Justice of Appeal of the Court of Appeal of the High Court of Hong Kong
- Incumbent
- Assumed office 2019

President of the Lands Tribunal
- In office 2010–2014
- Preceded by: Johnson Lam
- Succeeded by: Louis Chan

Judge of the Court of First Instance of the High Court of Hong Kong
- In office 2009–2019

District Judge
- In office 2007–2009

Personal details
- Born: 1963 (age 62–63) Hong Kong
- Education: University of Oxford University of Hong Kong

= Thomas Au =

Hong Kong judge

Thomas Au Hing-cheung (區慶祥; born 1963) is a Hong Kong judge, currently serving as a justice of appeal of the Court of Appeal of Hong Kong.

== Biography ==

=== Early life ===
Born in Hong Kong in 1963, Au grew up in Hong Kong and received an LLB from the University of Hong Kong in 1996, the BCL from the University of Oxford in 1997, and a PCLL from the University of Hong Kong in 1998.

=== Legal career ===
Au was called to the Hong Kong Bar in 1998, and was in private practice between 1999 and 2007 as a member of Temple Chambers.

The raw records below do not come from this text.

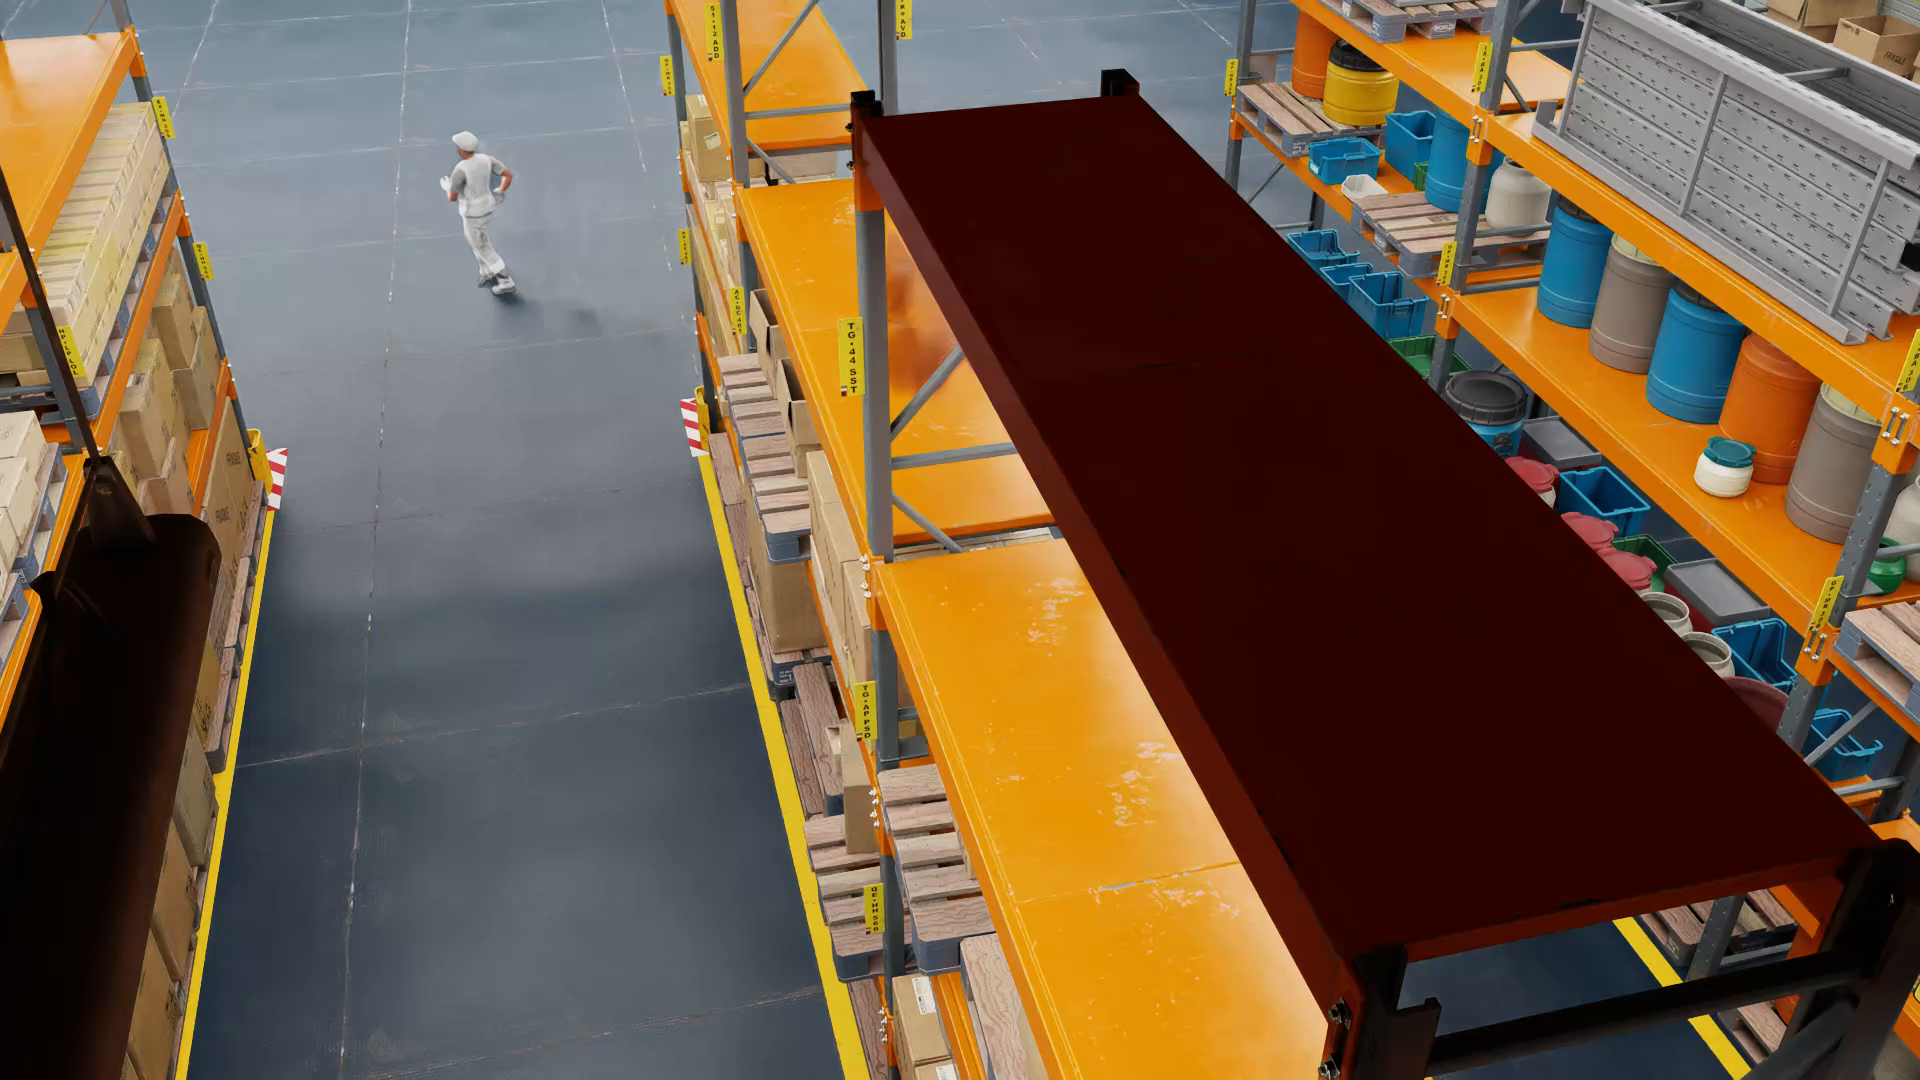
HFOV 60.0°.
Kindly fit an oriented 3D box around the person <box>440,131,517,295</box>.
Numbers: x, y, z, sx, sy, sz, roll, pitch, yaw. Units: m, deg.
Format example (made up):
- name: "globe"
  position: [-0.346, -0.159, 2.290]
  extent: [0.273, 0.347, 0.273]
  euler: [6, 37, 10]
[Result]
- name: "person"
  position: [-5.075, -3.429, 17.515]
  extent: [0.763, 1.831, 0.649]
  euler: [14, 37, 19]
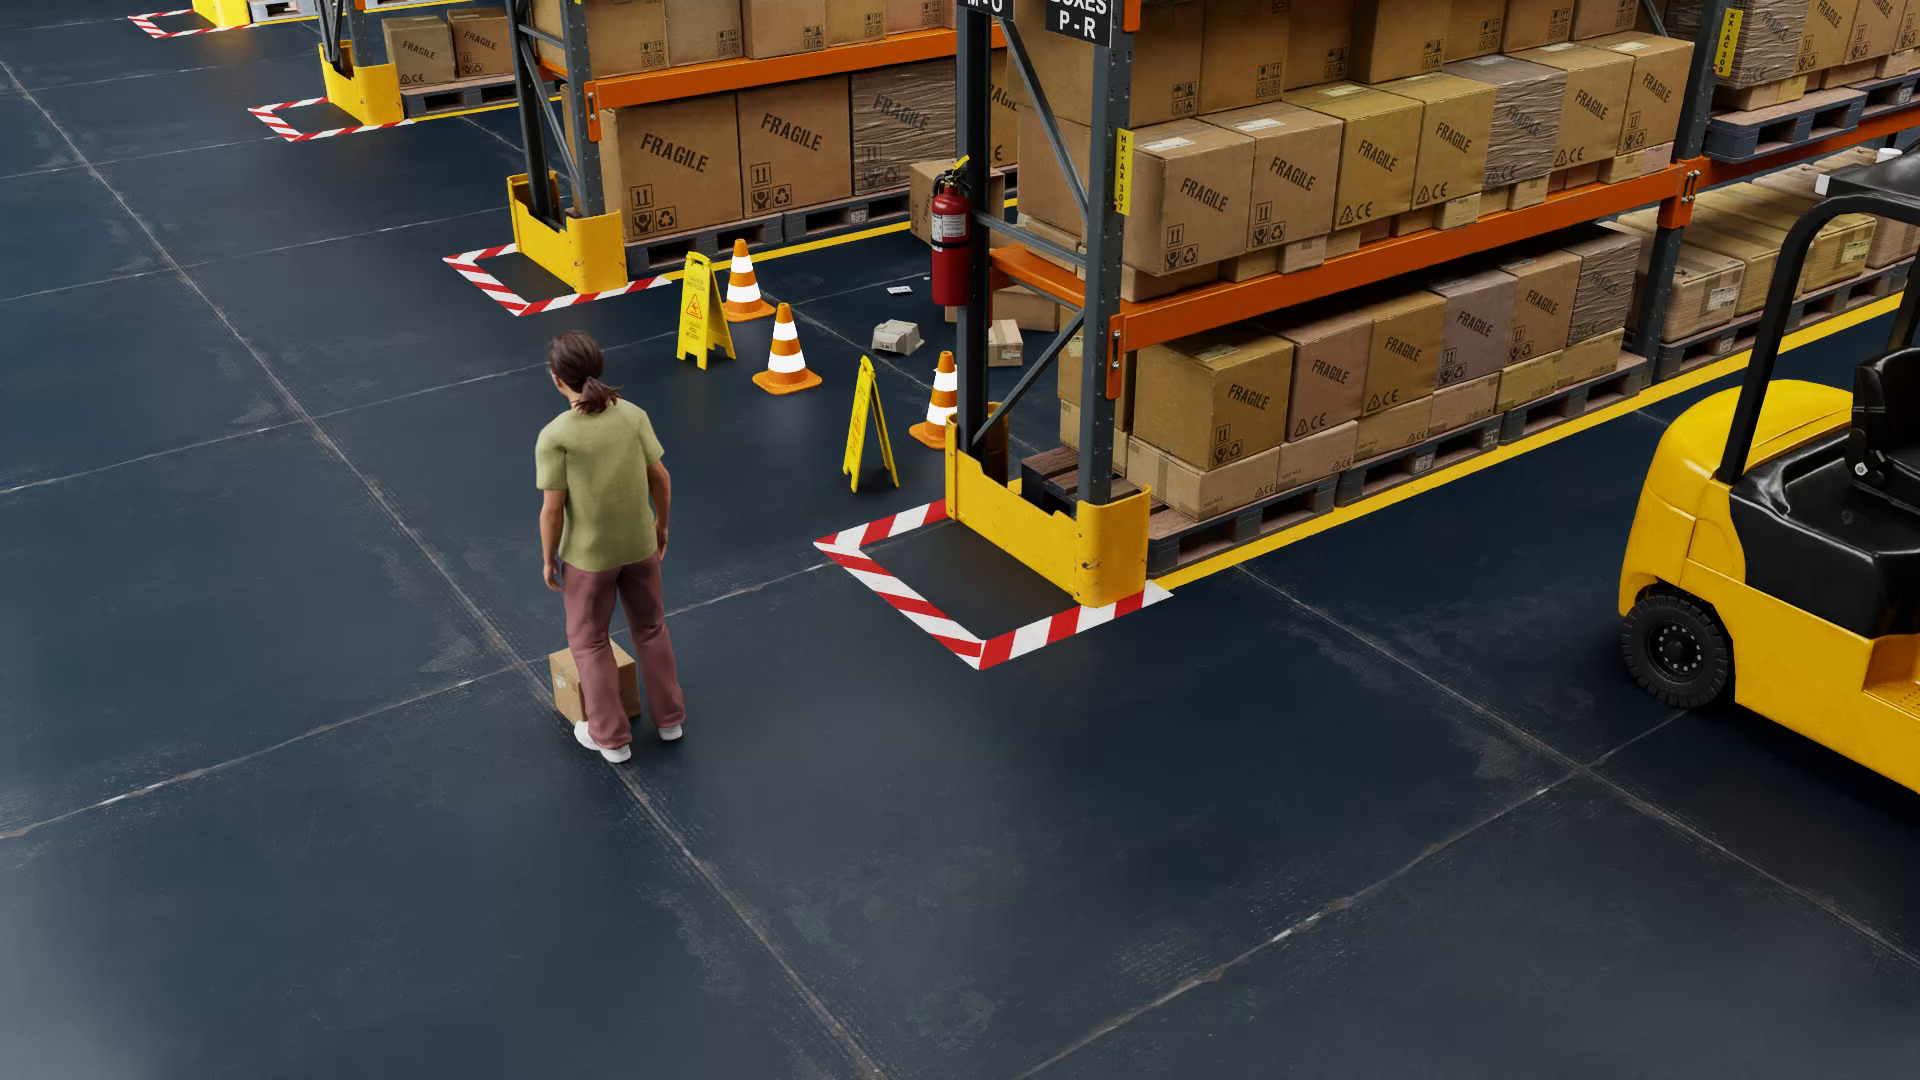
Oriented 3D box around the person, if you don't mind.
[{"bbox_3d":[-1.286,0.142,6.111,0.499,1.438,0.356,-19,34,-30],"label":"person"}]

In 2007, Au left private practice and joined the bench as a District Judge, before being promoted to the Court of First Instance of the High Court in 2009. He served as President of the Lands Tribunal from 2010 to 2014. He also served as the judge in charge of the Construction and Arbitration List from 2011 until 2 September 2012, when he was appointed as the Judge in charge of the Constitutional and Administrative Law List.

In 2019, Au was elevated to the Court of Appeal.

== Legal profile ==
Due to his young age, and relatively quick rate of promotion since joining the Judiciary, he has been described as a "high flyer" within the Judiciary. He has also described as a judge "with a great sense of humour when not commenting on the law", but who adopted a "technical" approach to his cases.

== Personal life ==
Au was a member of the Civic Party from 2003 to 2006, when he left the party prior to appointment as a full-time judge.